The young Ali treated with embarrassing disdain the desperately thin canons of sportsmanship long intended to bring civility, meaning, even honor to an otherwise brutal and bloody business. At times, it was unforgiveable as when he systematically carried Floyd Patterson for the avowed purpose of making him suffer and -- most needless of all -- viciously denigrated Joe Frazier with patently racist insults. It was shameless. Joe Frazier was too good a man for that.

The young Ali needed to learn some humility and he did. The change was stunning. Methinks it really began after the Supreme Court rescued him from exile, with the pace quickening his last years in the ring even as he was paying the price, then flowering over a long and painful retirement. By all accounts, Muhammad Ali's boxing afterlife was the most remarkable chapter of a near-unbelievable life.

The grace with which he shared his fame was charming and he brought it to the farthest corners of the world. The causes to which he lent that fame -- even when he was reduced to little more than a shuffle and a murmur -- were endless.

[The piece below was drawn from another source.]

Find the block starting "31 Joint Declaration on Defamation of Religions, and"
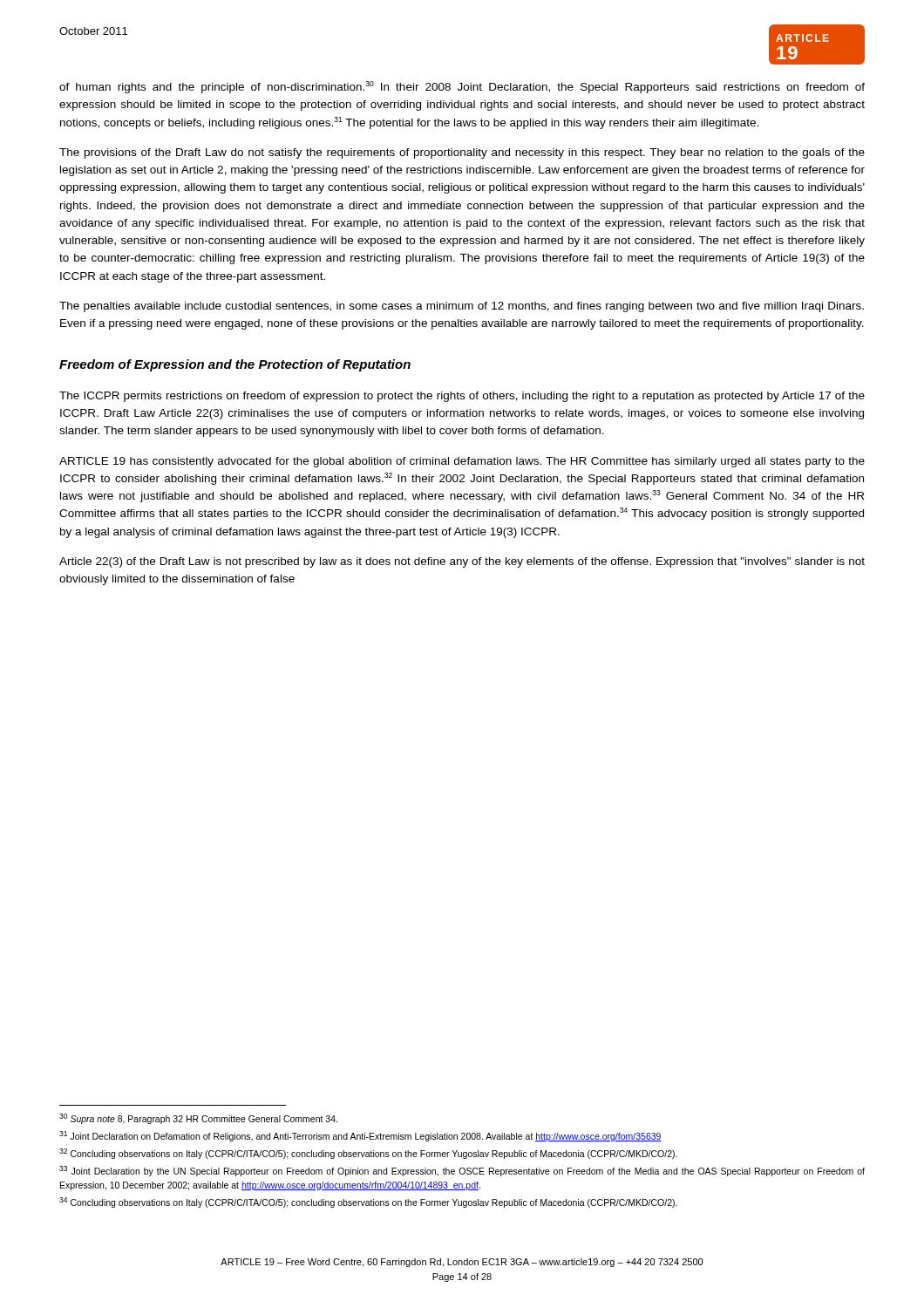The image size is (924, 1308). point(360,1136)
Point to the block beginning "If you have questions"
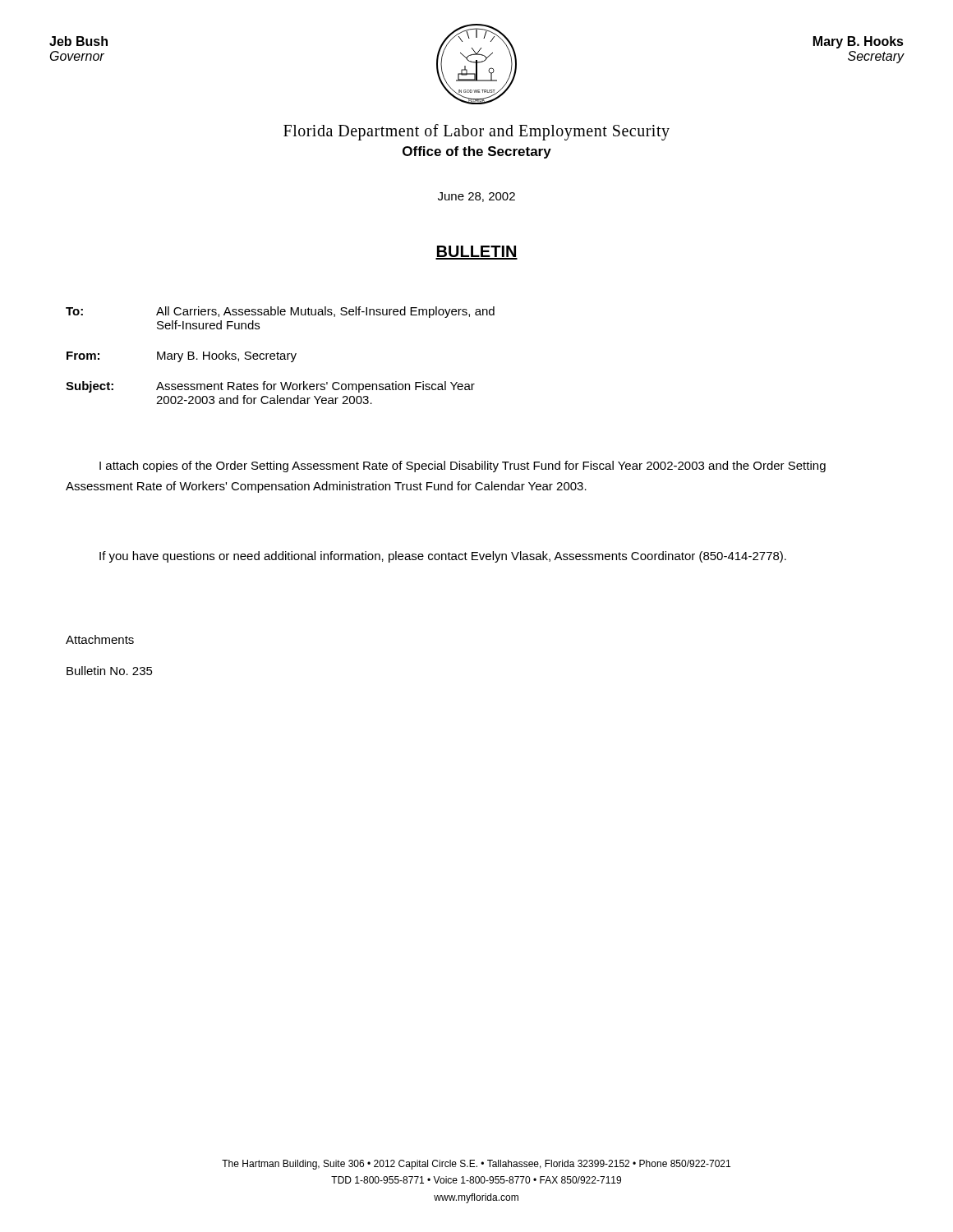The width and height of the screenshot is (953, 1232). [x=443, y=556]

They ranged from service to the International Olympics, famine and refugee relief, the United Nations, all the way to the tender needs of Boys and Girls Clubs, the local fund-raiser, the neighborhood gym. A learned friend who has studied the aging Ali has called what he brought to all such moments ''a sweet spirit.'' If it was redemption that he sought, he appears to have achieved it.

Fitzgerald was wrong. There can be second acts in great American lives. And if they may be less loud and rousing they can be even more fascinating. Case-in-point: Muhammad Ali!



- Clark Booth is a renowned Boston sports writer and broadcast journalist. He spent much of his long career at Boston’s WCVB-TV Chanel 5 as a correspondent specializing in sports, religion, politics and international affairs.